The promise for the future is that there now is in associations of men an increasing tendency for the laws of the group rather than the laws of the crowd to govern. Our most essential duty to the future is to see that that tendency prevail. As we increase the conscious functioning of the group we shall inevitably have less and less of the unconscious response, chauvinists will lose their job, and party bosses will have to change their tactics. People as a matter of fact are not as suggestible as formerly. Men are reading more widely and they are following less blindly what they read.

This largely increased reading, due to reduction in price, spread of railroads, rural delivery, and lessening hours of industry, is often spoken of as making men more alike in their views. Tarde spoke of the "public," which he defined as the people sitting at home reading newspapers as a mental collectivity because of this supposed tendency. Christensen confirms this when he says that the people reading the newspapers are "a scattered crowd." The usually accepted opinion is that the daily press is making us more and more into crowds, but that is not my experience. A man with his daily paper may be obeying the group law or the crowd law as he unites his own thoughts with the thoughts of others or as he is merely amenable to suggestion from others, and it seems to me we see a good deal of the former process. The newspaper brings home to us vividly what others are feeling and thinking. It offers many suggestions; we see less and less tendency to "swallow these whole," the colloquial counterpart of the technical "imitation." These suggestions are freely criticized, readers do a good deal of thinking and the results are fairly rational. The reader more and more I believe is selecting, is unifying difference. The result of all this is that men's minds are becoming more plastic, that they are deciding less by prejudice and hypnosis and more by judgment. And it must be remembered that a man is not necessarily a more developed person because he rejects his newspaper's theories that if he accepts them; the developed man is the group man and the group man neither accepts nor rejects, but joins his own thoughts with that of all he reads to make new thought. The group man is never sterile, he always brings forth [1].

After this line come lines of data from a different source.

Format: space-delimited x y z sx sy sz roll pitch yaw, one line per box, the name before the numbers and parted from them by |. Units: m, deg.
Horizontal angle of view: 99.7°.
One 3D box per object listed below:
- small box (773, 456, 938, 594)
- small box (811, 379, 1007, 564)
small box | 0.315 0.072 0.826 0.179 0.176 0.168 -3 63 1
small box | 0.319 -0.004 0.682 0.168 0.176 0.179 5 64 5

1. Other results of the increased reading of newspapers and magazines are that large questions are driving out trivial interests (I find this very marked in the country), and the enormous amount of publicity now given everything finds a channel to the public through the press. The reports of
commissions, like the Industrial Relations Commission, the surveys, like the Pittsburgh Survey, the reports of foundations, like the Russell Sage, the reports of the rapidly increasing bureaus of research like the New York Municipal Bureau, all find their way to us through the columns of our daily or weekly or monthly. Therefore we have more material on which to found individual thinking.

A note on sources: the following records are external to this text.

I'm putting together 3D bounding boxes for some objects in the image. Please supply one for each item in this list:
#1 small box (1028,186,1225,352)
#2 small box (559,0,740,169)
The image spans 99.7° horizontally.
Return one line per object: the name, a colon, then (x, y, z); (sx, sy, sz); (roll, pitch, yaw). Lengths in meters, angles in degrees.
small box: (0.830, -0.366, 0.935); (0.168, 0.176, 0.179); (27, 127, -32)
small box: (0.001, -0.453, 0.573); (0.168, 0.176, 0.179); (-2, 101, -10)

Democracy can never mean the domination of the crowd. The helter-skelter strivings of an endless number of social atoms can never give us a fair and ordered world. It may be true that we have lived under the domination either of individuals or of crowds up to the present time, but now is the moment when this must be deliberately challenged. The party boss must go, the wise men chosen by the reform associations must go, the crowd must be abandoned. The idea of the All has gripped us--but the idea has not been made workable, we have yet to find the way. We have said, "The people must rule." We now ask, "How are they to rule?" It is the technique of democracy which we are seeking. We shall find it in group organization.